Tim hukum Bonaran sempat menanyakan lisan dan mengirimkan surat berisi permintaan informasi tentang dua alat bukti yang dimiliki penyidik. Tetapi permintaan itu tak digubris dengan alasan akan dibuktikan di persidangan. Dari Daftar Isi Bukti yang dikeluarkan KPK, ternyata hanya ada dua saksi yang diperiksa penyidik sebelum 20 Agustus 2014. Pada tanggal inilah Bonaran diumumkan sebagai tersangka kasus suap.
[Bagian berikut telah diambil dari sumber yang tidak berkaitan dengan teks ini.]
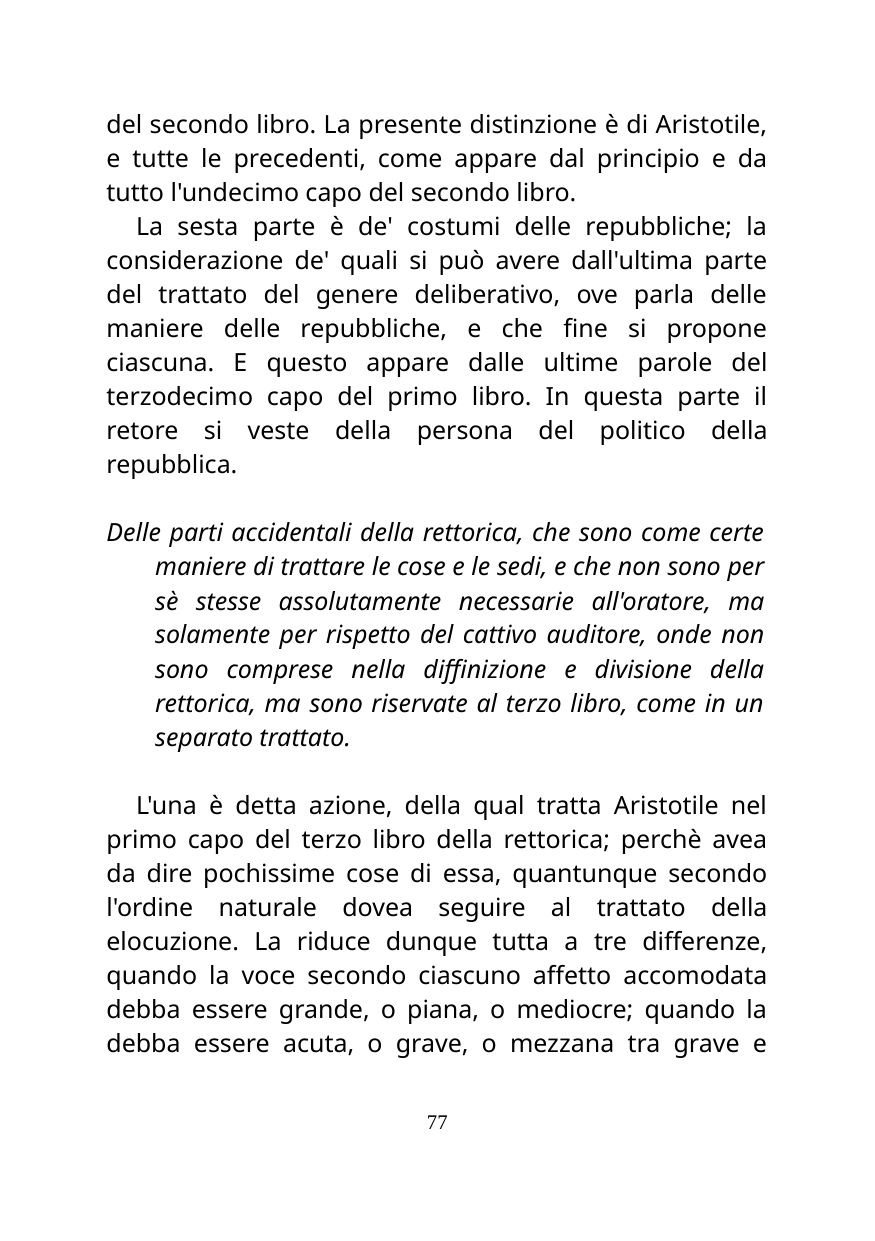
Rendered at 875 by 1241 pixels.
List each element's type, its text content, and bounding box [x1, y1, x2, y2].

text La sesta parte è de' costumi delle repubbliche; la considerazione de' quali si può avere dall'ultima parte del trattato del genere deliberativo, ove parla delle maniere delle repubbliche, e che fine si propone ciascuna. E questo appare dalle ultime parole del terzodecimo capo del primo libro. In questa parte il retore si veste della persona del politico della repubblica. [106, 208, 768, 481]
text Delle parti accidentali della rettorica, che sono come certe maniere di trattare le cose e le sedi, e che non sono per sè stesse assolutamente necessarie all'oratore, ma solamente per rispetto del cattivo auditore, onde non sono comprese nella diffinizione e divisione della rettorica, ma sono riservate al terzo libro, come in un separato trattato. [106, 515, 768, 753]
text del secondo libro. La presente distinzione è di Aristotile, e tutte le precedenti, come appare dal principio e da tutto l'undecimo capo del secondo libro. [106, 106, 768, 208]
text L'una è detta azione, della qual tratta Aristotile nel primo capo del terzo libro della rettorica; perchè avea da dire pochissime cose di essa, quantunque secondo l'ordine naturale dovea seguire al trattato della elocuzione. La riduce dunque tutta a tre differenze, quando la voce secondo ciascuno affetto accomodata debba essere grande, o piana, o mediocre; quando la debba essere acuta, o grave, o mezzana tra grave e [106, 787, 768, 1060]
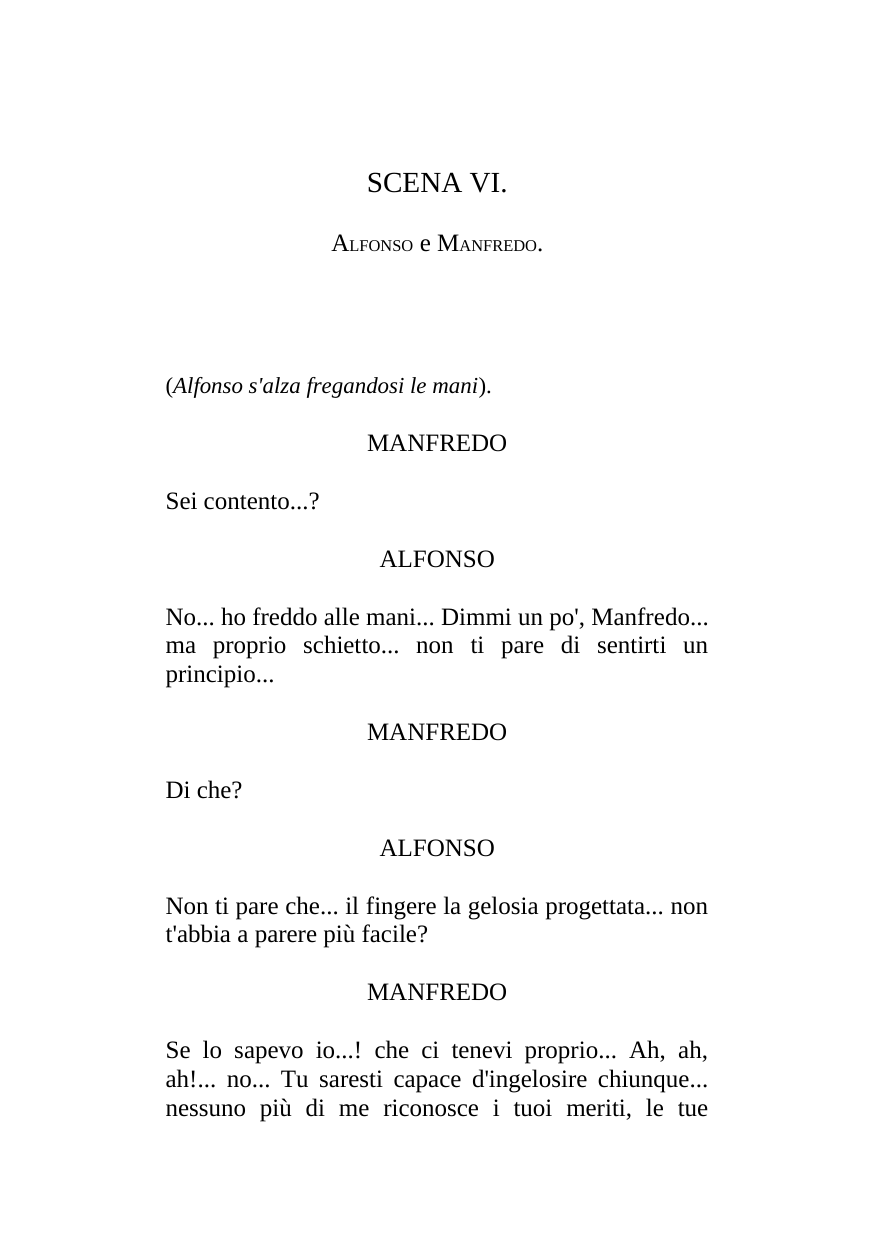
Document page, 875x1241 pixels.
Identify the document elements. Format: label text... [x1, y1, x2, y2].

Tim penasehat hukum juga memasukkan isu balas dendam Bambang Widjojanto (BW) sebagai materi eksepsi. Bonaran menuding penetapan dirinya sebagai tersangka adalah imbas dari balas dendam BW. Dalam penyelesaian sengke apilkada di Tapanuli Tengah, BW menjadi penasehat hukum pemohon penyelesaian sengketa melawan kubu Bonaran. Bonaran akhirnya menang dan dilantik menjadi Bupati Tapanuli Tengah, Sumatera Utara. BW kemudian terpilih dan diangkat menjadi Wakil Ketua KPK.
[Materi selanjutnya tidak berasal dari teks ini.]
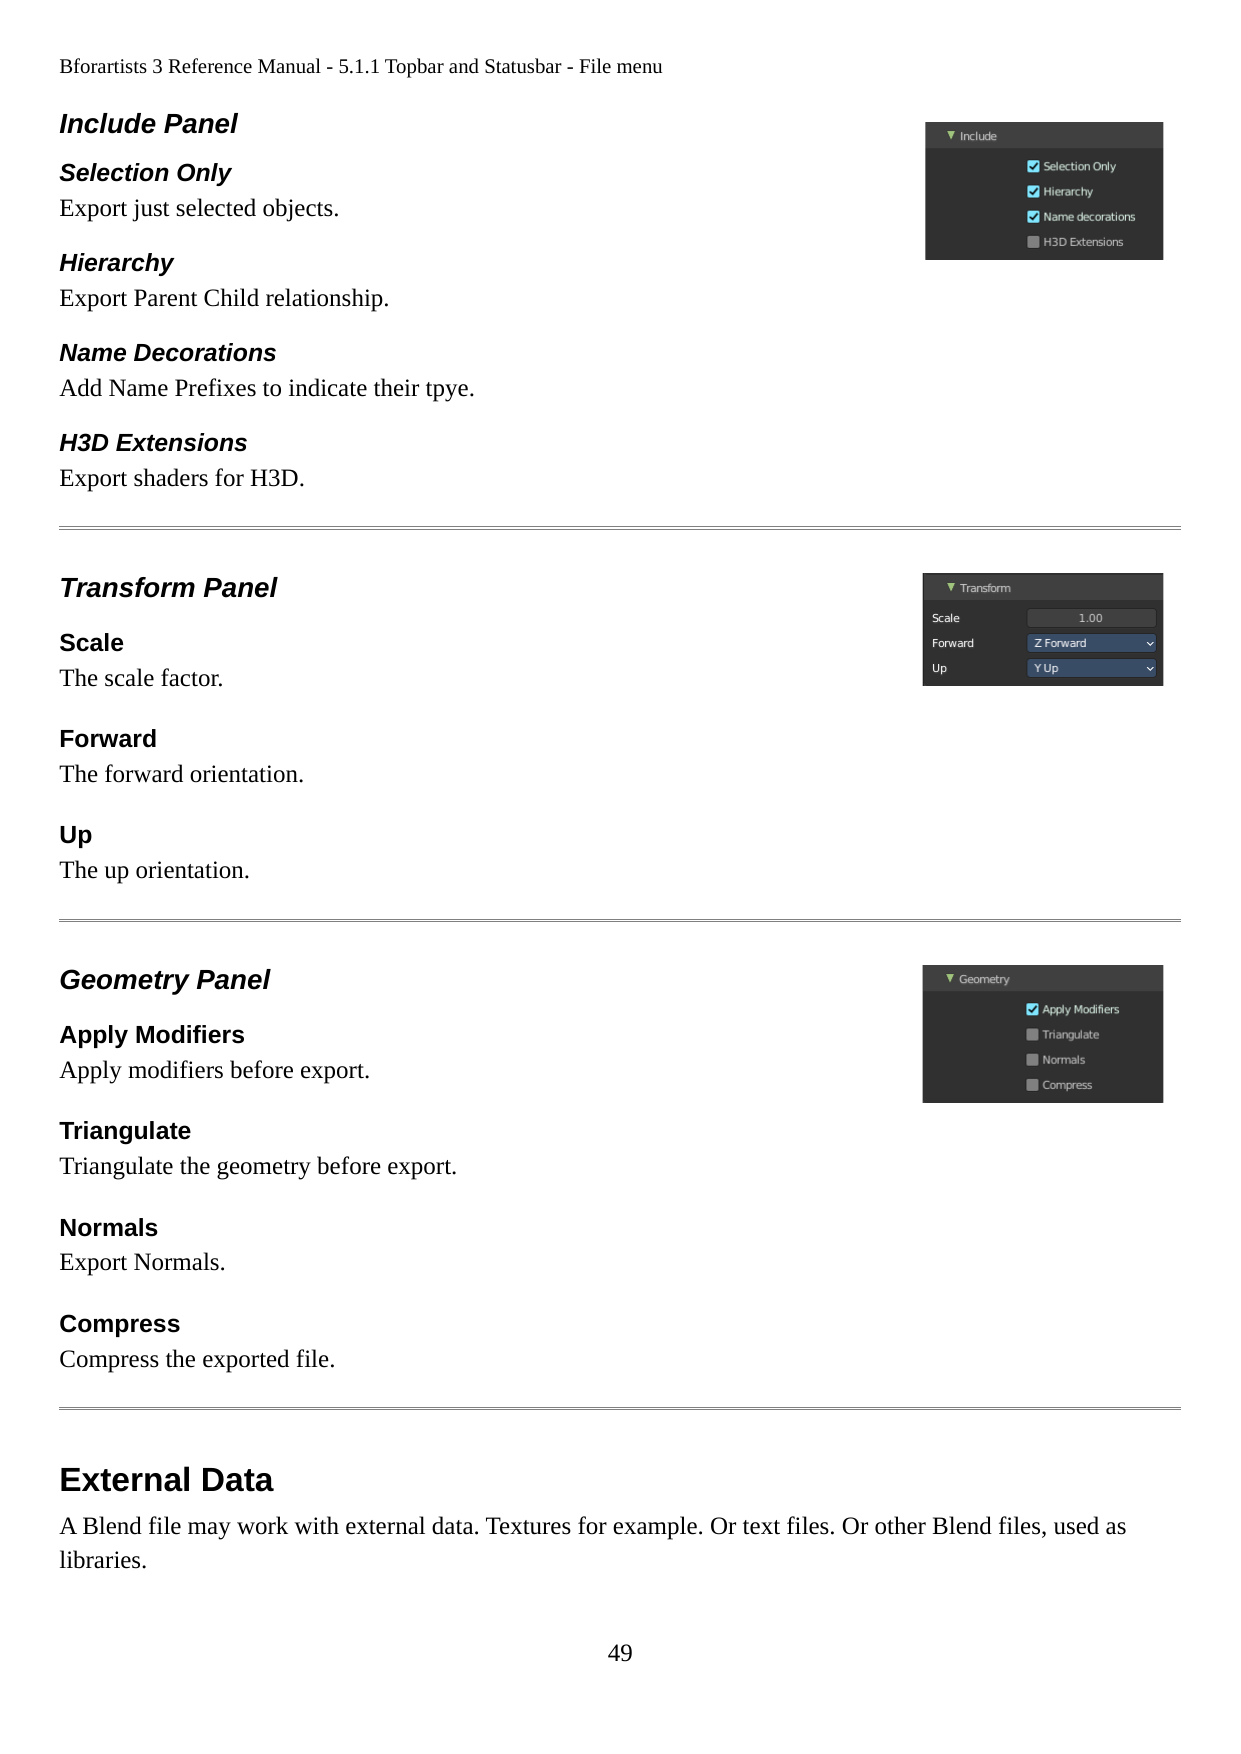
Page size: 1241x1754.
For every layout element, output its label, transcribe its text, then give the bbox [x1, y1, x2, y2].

Dalam petitum nota keberatan, tim kuasa hukum meminta majelis hakim menyatakan surat dakwaan kabur sehingga batal demi hukum. Selain itu, mereka meminta hakim mengembalikan berkas kepada penuntut umum, menghentikan persidangan, dan segera membebaskan Bonaran dari tahanan. Kepada hukumonline, Kores mengatakan seharusnya perkara Bonaran dihentikan. “Seharusnya berkas dikembalikan kepada penuntut umum, dan sidang dihentikan,” ujarnya.

Sesuai sidang, Bonaran masih menyinggung tudingan balas dendam itu. Bahkan ia mempersoalkan langkah BW masih mendatangi gedung KPK setelah polisi menyatakan aktivis bantuan hukum itu sebagai tersangka. Bonaran membandingkan saat ia sudah non-aktif, tak lagi menggunakan fasilitas bupati, termasuk untuk membayar honorarium advokat dari anggaran bupati.